What the exercise asks:
Omit the pictures, and output the rest of the entries exactly as written.

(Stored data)

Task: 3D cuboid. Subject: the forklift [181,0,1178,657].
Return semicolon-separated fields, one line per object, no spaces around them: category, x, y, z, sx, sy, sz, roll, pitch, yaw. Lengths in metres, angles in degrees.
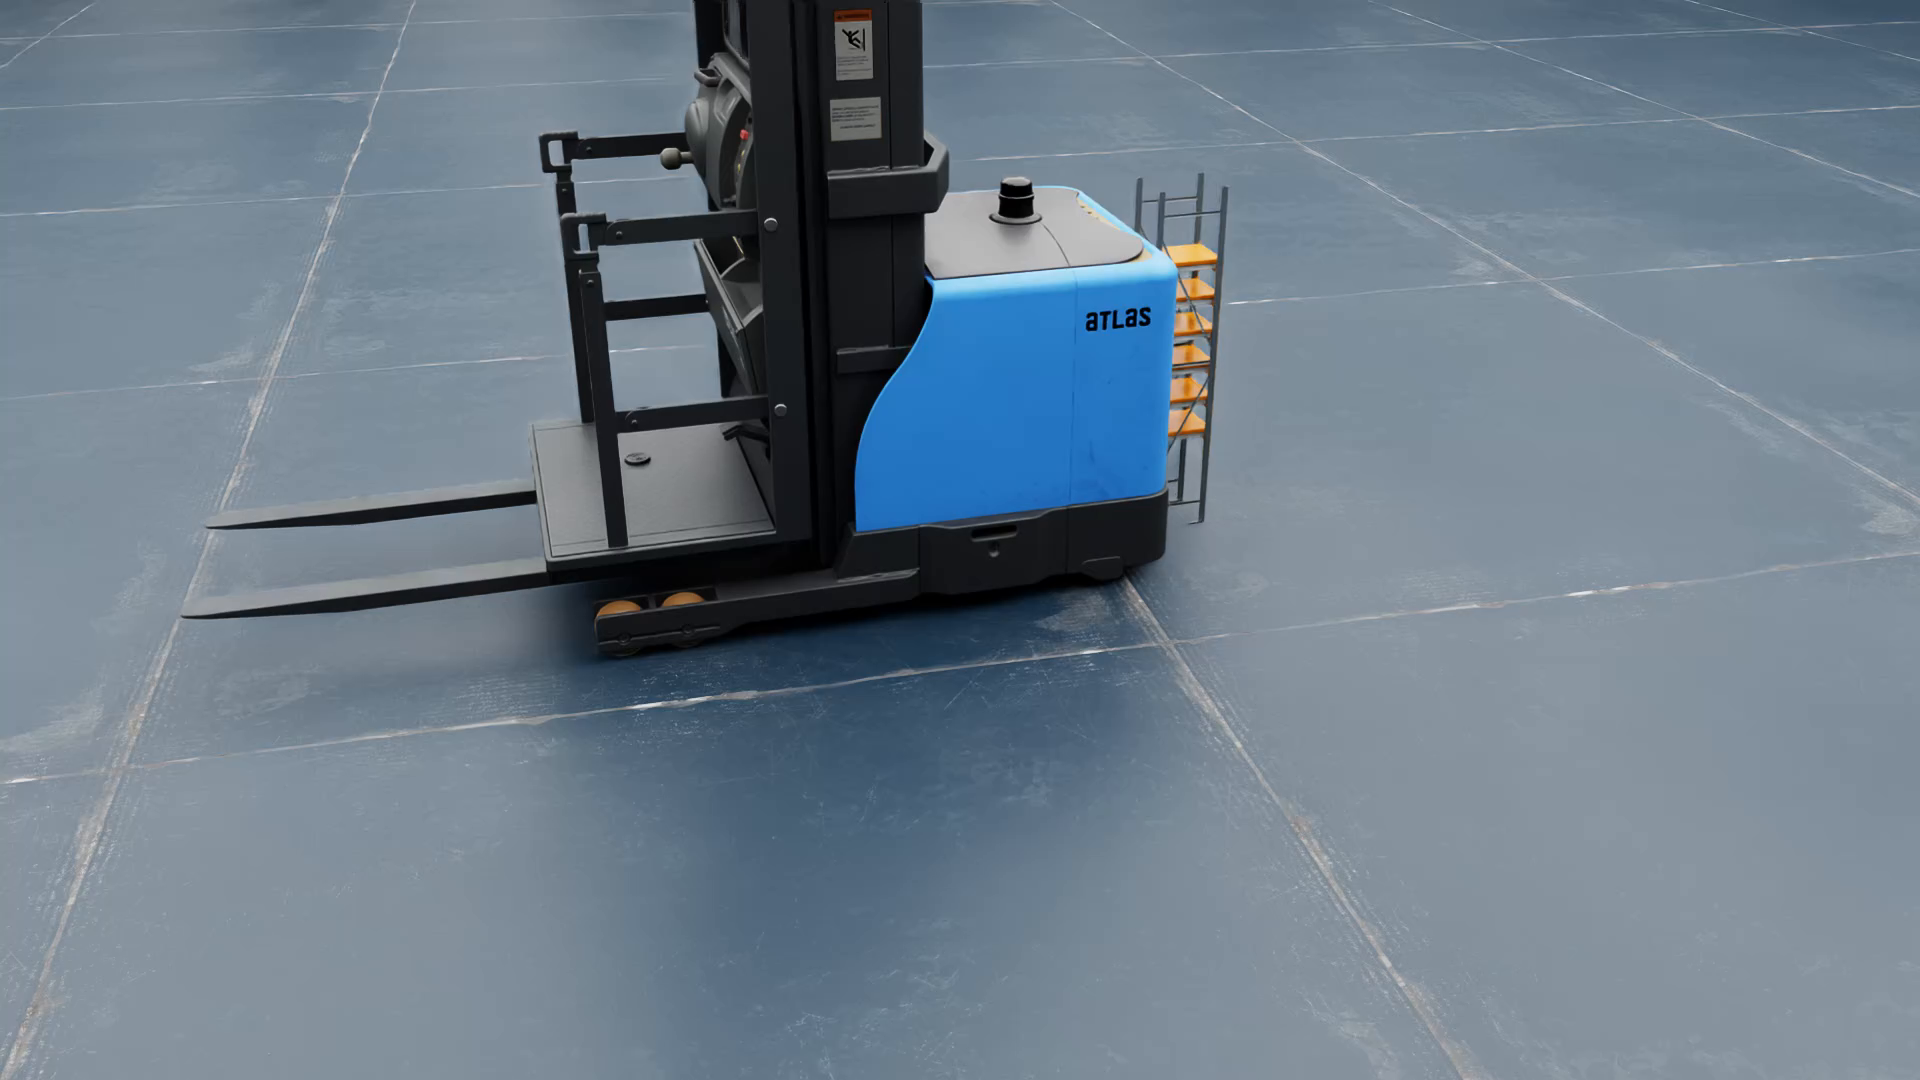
forklift;-0.894;-1.220;4.914;3.031;2.935;1.130;-7;28;-14

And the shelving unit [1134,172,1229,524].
shelving unit;0.720;-0.623;5.653;0.258;1.200;0.189;-8;28;-15

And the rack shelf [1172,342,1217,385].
rack shelf;0.720;-0.583;5.673;0.258;0.103;0.180;-8;28;-15

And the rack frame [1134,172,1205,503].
rack frame;0.693;-0.662;5.731;0.240;1.200;0.006;-8;28;-15

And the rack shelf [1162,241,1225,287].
rack shelf;0.720;-0.905;5.511;0.258;0.103;0.180;-8;28;-15

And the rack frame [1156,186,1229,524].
rack frame;0.747;-0.584;5.575;0.240;1.200;0.006;-8;28;-15

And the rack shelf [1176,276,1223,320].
rack shelf;0.720;-0.798;5.565;0.258;0.103;0.180;-8;28;-15

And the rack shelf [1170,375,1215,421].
rack shelf;0.720;-0.476;5.727;0.258;0.103;0.180;-8;28;-15

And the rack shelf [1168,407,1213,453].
rack shelf;0.720;-0.369;5.781;0.258;0.103;0.180;-8;28;-15

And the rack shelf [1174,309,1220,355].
rack shelf;0.720;-0.690;5.619;0.258;0.103;0.180;-8;28;-15

Finished task:
Task: 3D cuboid. Subject: the forklift [181,0,1178,657].
Return semicolon-separated fields, one line per object, no spaces around them: category, x, y, z, sx, sy, sz, roll, pitch, yaw. Lengths in metres, angles in degrees.
forklift;-0.894;-1.220;4.914;3.031;2.935;1.130;-7;28;-14

And the shelving unit [1134,172,1229,524].
shelving unit;0.720;-0.623;5.653;0.258;1.200;0.189;-8;28;-15

And the rack shelf [1172,342,1217,385].
rack shelf;0.720;-0.583;5.673;0.258;0.103;0.180;-8;28;-15

And the rack frame [1134,172,1205,503].
rack frame;0.693;-0.662;5.731;0.240;1.200;0.006;-8;28;-15

And the rack shelf [1162,241,1225,287].
rack shelf;0.720;-0.905;5.511;0.258;0.103;0.180;-8;28;-15

And the rack frame [1156,186,1229,524].
rack frame;0.747;-0.584;5.575;0.240;1.200;0.006;-8;28;-15

And the rack shelf [1176,276,1223,320].
rack shelf;0.720;-0.798;5.565;0.258;0.103;0.180;-8;28;-15

And the rack shelf [1170,375,1215,421].
rack shelf;0.720;-0.476;5.727;0.258;0.103;0.180;-8;28;-15

And the rack shelf [1168,407,1213,453].
rack shelf;0.720;-0.369;5.781;0.258;0.103;0.180;-8;28;-15

And the rack shelf [1174,309,1220,355].
rack shelf;0.720;-0.690;5.619;0.258;0.103;0.180;-8;28;-15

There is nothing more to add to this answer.